* What is expected *
Every line from the one containing "Next, the person (1331,643,1362,713)." through the last line below should be reproduced exactly; please include nothing else.

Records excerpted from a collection

*** Block opens ***

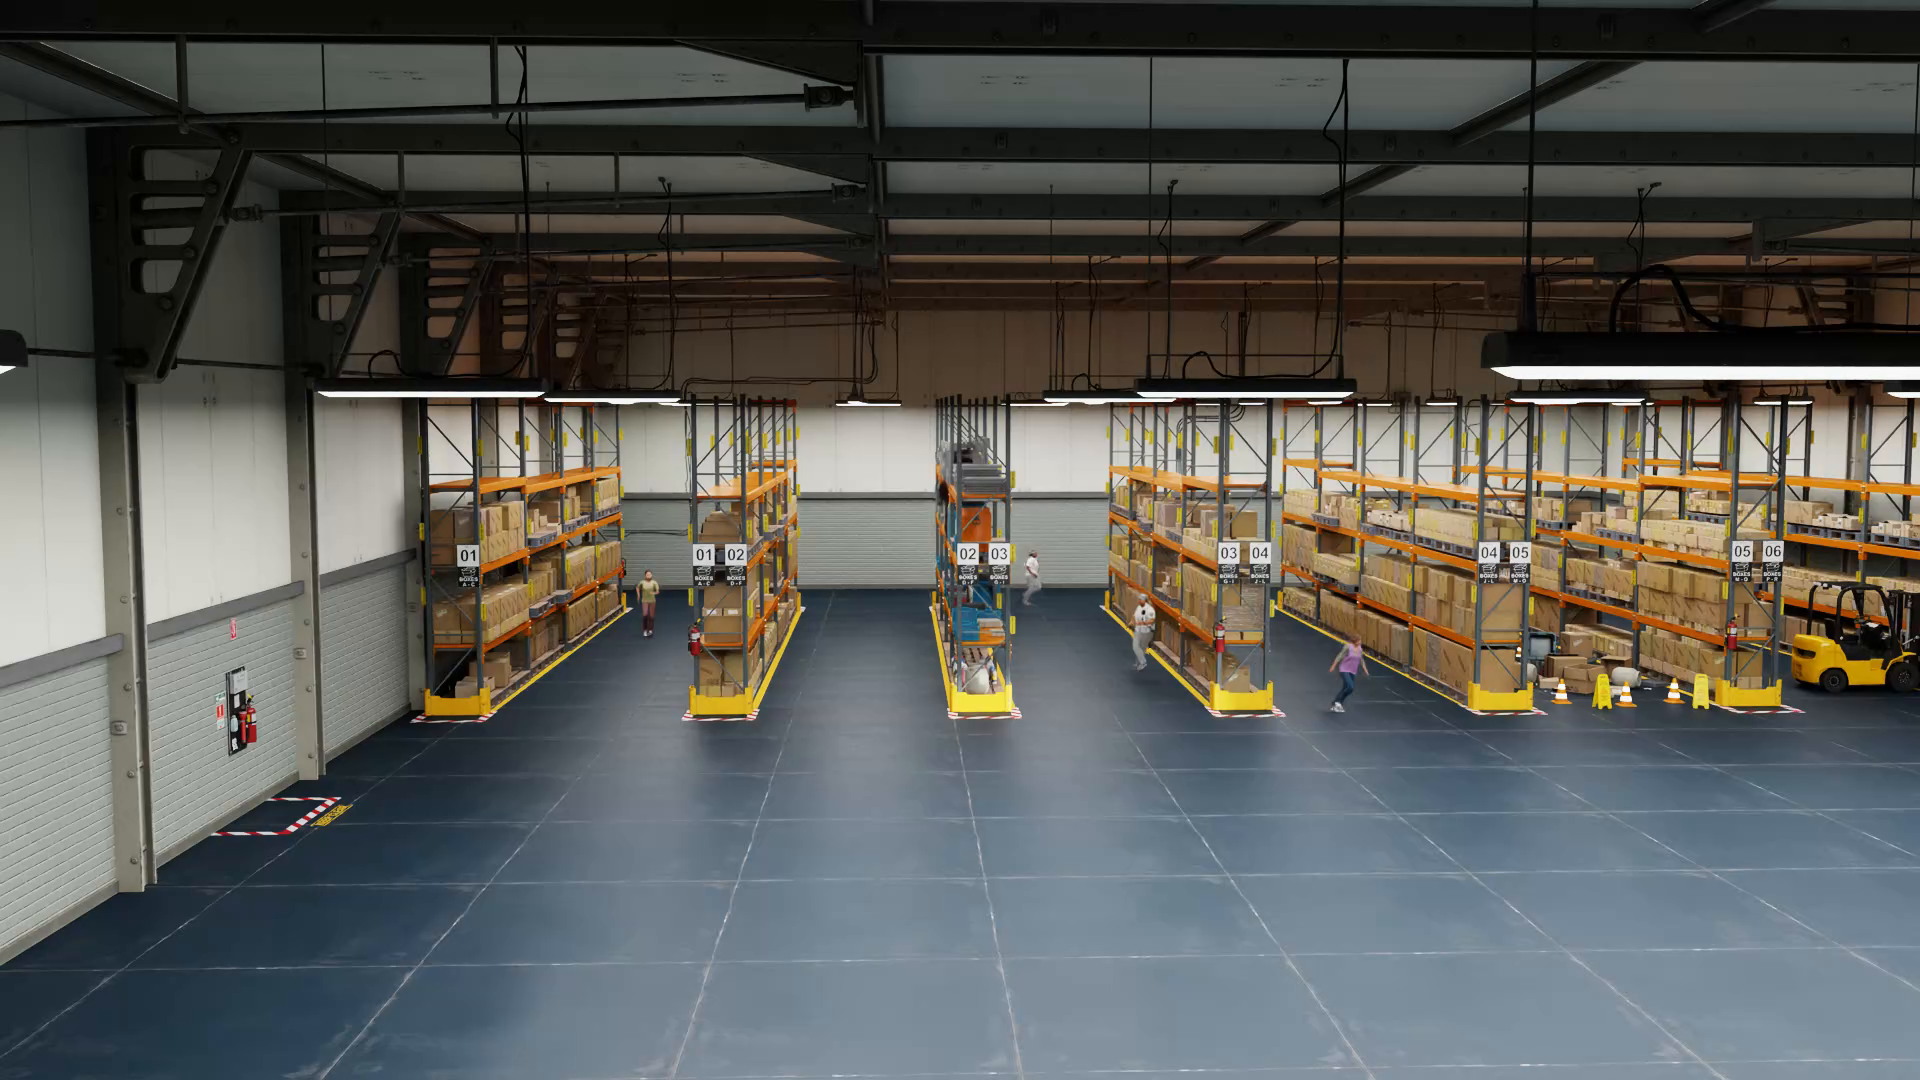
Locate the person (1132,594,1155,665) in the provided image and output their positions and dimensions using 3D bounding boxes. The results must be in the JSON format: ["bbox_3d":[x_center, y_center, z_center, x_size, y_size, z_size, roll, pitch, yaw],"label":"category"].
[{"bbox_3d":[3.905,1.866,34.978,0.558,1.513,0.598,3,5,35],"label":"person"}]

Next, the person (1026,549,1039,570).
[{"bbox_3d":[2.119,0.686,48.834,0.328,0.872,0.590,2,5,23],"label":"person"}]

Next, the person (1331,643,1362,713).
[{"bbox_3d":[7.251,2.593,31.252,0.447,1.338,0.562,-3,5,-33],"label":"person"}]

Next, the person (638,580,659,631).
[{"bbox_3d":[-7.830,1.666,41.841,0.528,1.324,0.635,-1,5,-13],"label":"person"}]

*** Block closes ***

* Solved problem *
Next, the person (1331,643,1362,713).
[{"bbox_3d":[7.251,2.593,31.252,0.447,1.338,0.562,-3,5,-33],"label":"person"}]

Next, the person (638,580,659,631).
[{"bbox_3d":[-7.830,1.666,41.841,0.528,1.324,0.635,-1,5,-13],"label":"person"}]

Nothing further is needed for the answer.